Elizabeth was a cult, a shiny blonde one-woman cult, and people fell into line, but they fell into line largely due to a burning, almost unbearable hope that Some Day, Some Woman would come along, someone so glowingly and world-beatingly successful  that they could bow down and worship, lift her up, put her on magazine covers like Forbes, and thus tell themselves and the world, SEE, see how we're acting, we don't discriminate, and we DO think women can do all kinds of swell things and be blonde and blue-eyed at the same time!

But oh. No! Now those blinded worshippers have been knocked on their asses, and sit there stunned and blinking. Wait! How could a GIRL. . .But that's the thing. Didn't we already know women could be ruthless and heartless and utterly-self-servingly-sociopathic? Look at Cruella de Ville. That chick in Fatal Attraction. The Sunset Boulevard lady. (Never mind that they're all fictional.) But Elizabeth had so much confidence, she seemed to know something, and there is nothing more seductive than a woman who seems to know something. So here was this mega-billion-dollar phenom who turned out to be crass, tin-plated, shallow, and utterly uninformed about ANY aspect of medicine or science (and if you saw transcripts of some of her interviews, undazzled by those icy ever-open scleral globes, you'd recognize her laughable ignorance at once). She was all show and no go, and the vaporware she didn't produce wasn't just another talking vibrator or a refrigerator that anticipates your grocery needs. It was all about blood - human blood -  literally, about sucking blood out of people's fingers with some ludicrous thing called a "nanotainer".




The old videos, the early 2015 ones (which is really not so long ago) are now embarrassing to watch, with rich old men (board members, mostly) grabbing their scrotums every time she told a lame joke or made a ridiculous globally-transformative prediction.  Well, she did change the world, sort of.
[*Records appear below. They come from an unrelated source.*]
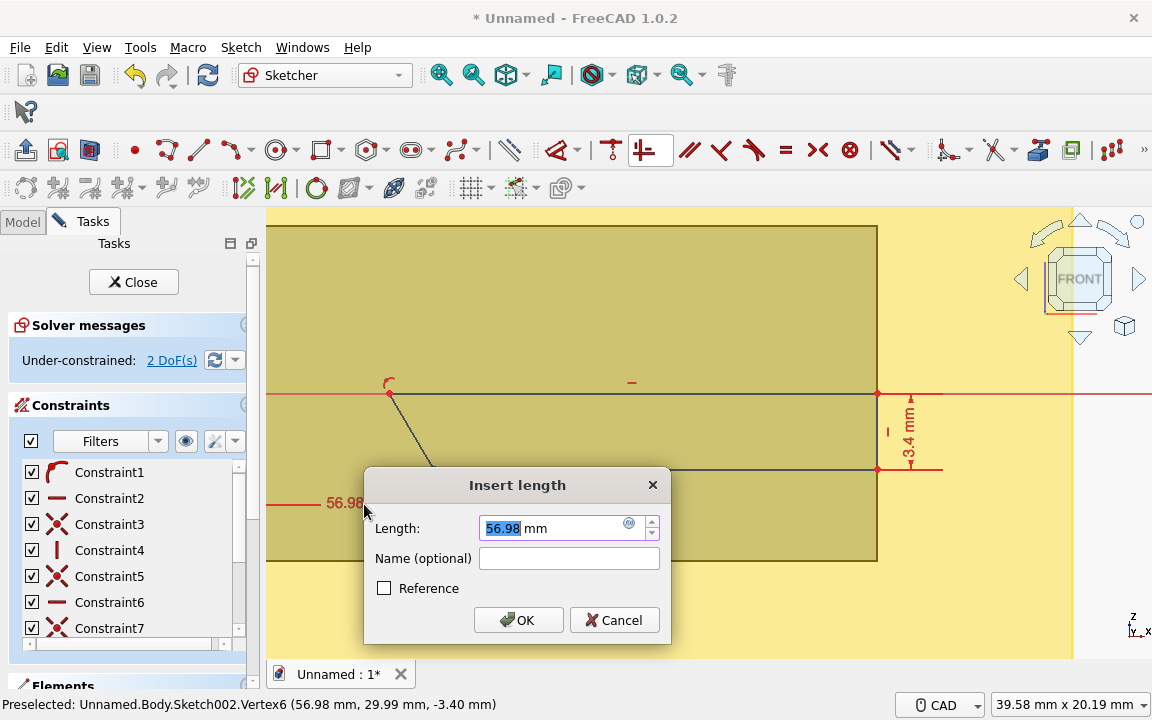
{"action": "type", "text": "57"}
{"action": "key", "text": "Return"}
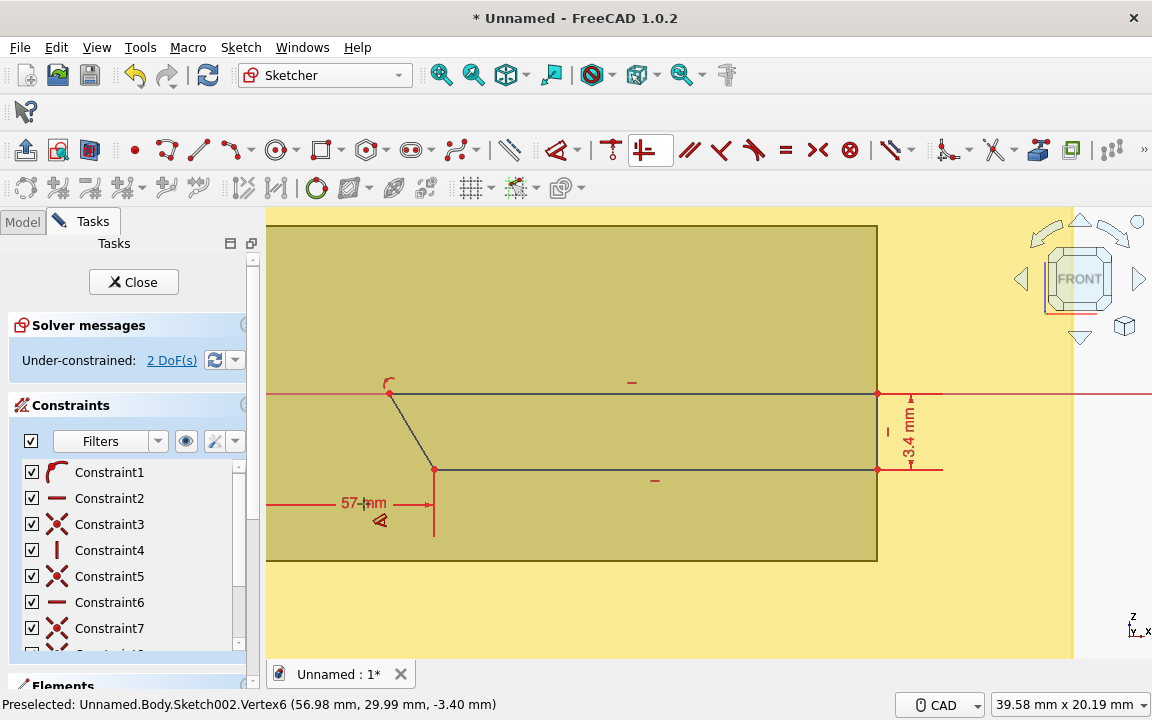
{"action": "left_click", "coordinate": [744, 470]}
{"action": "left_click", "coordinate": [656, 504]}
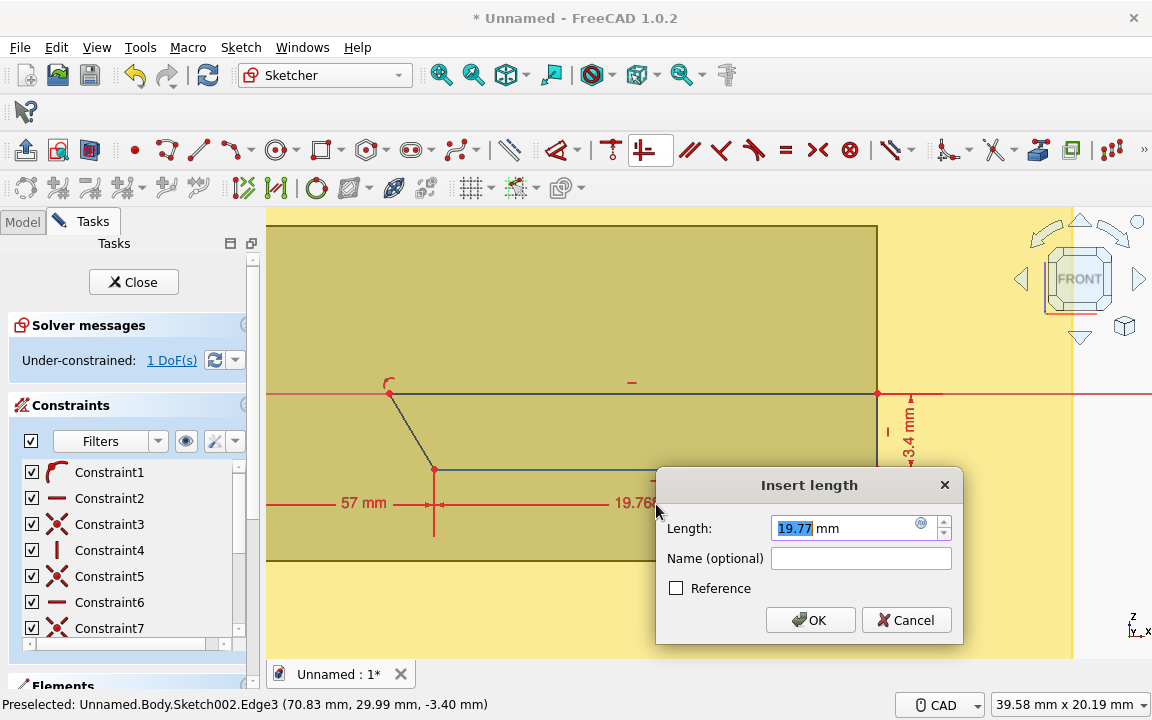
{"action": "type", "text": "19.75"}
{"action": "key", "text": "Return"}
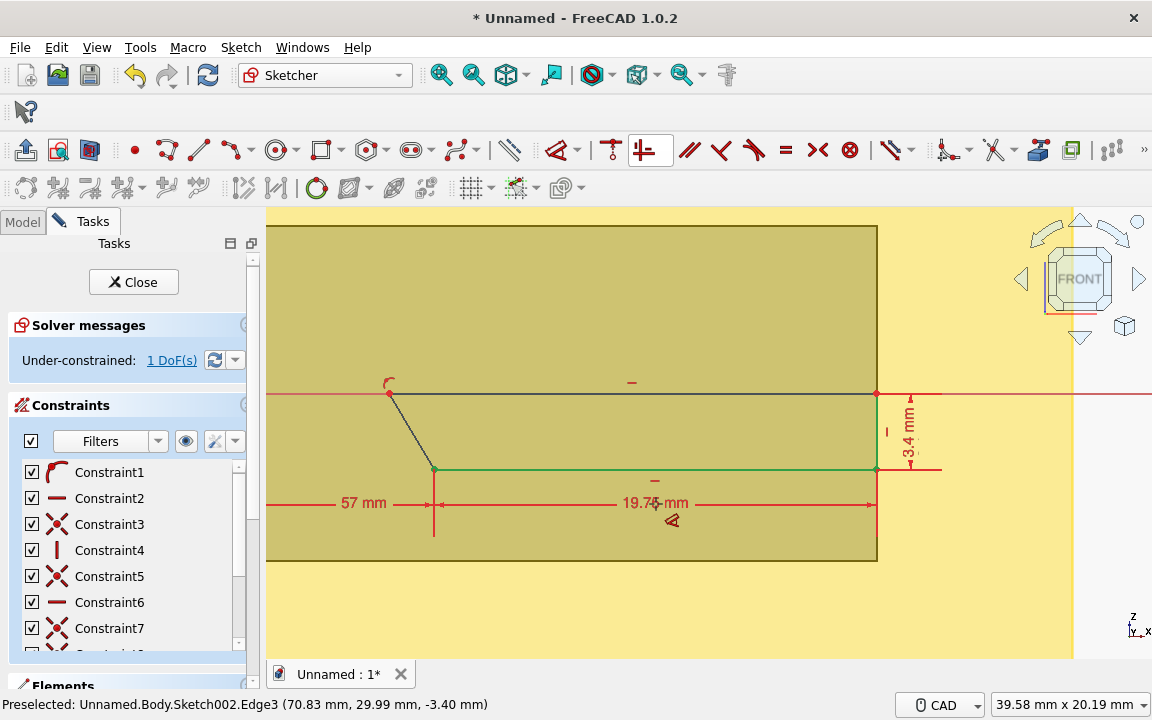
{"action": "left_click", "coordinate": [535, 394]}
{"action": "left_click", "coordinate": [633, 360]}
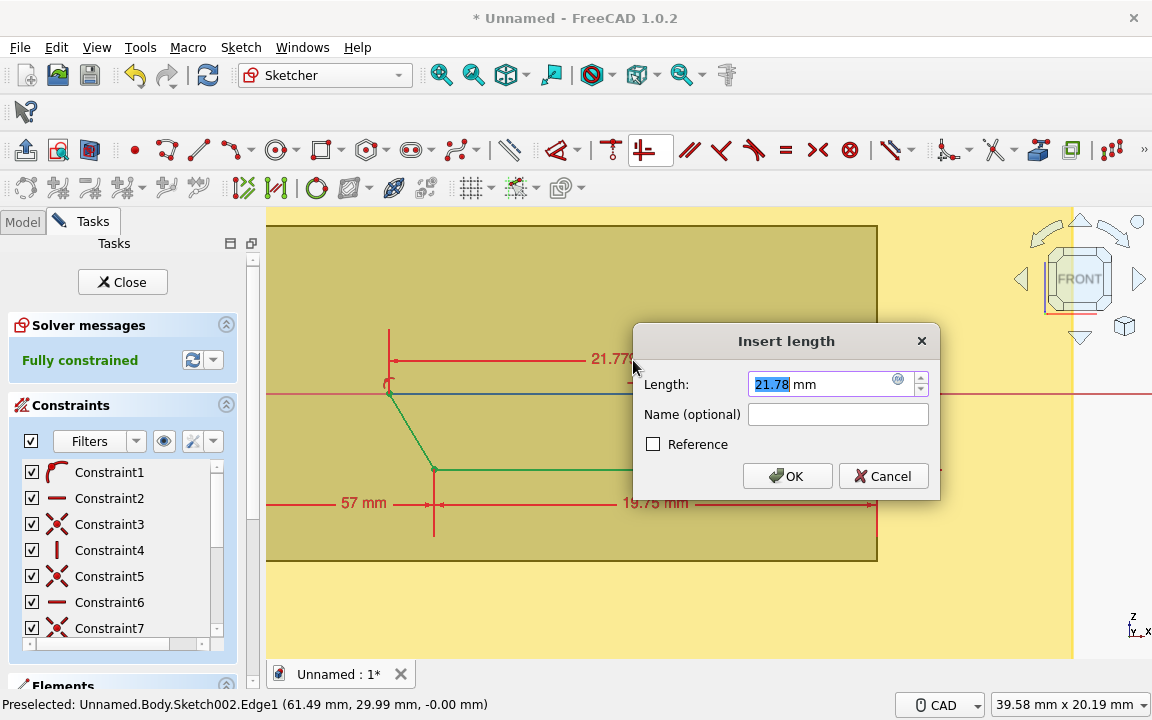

She knocked a whole lot of people on their asses, but for all the wrong reasons.

The one question that lingers in my mind is: since it took nine years for her bubble to burst, and since she couldn't have spent ALL that time grasping the scrotums of rich old men, what did she DO all day? How did she fill her time? Doing eyeball exercises, having her forehead frozen and her hair foiled?  Getting voice lessons for that dull drone she used, or was that just Steve Jobs-style steroids?

Like Martha Stewart, Elizabeth may rise again. But those crazy eyes disturb me. Something is just not right there. They have a feverish quality. a shininess that is unnatural.  Madness can, if turned just the right way, change the world. We've seen it. But the ideal of blonde and blue-eyed has had its share of bad press.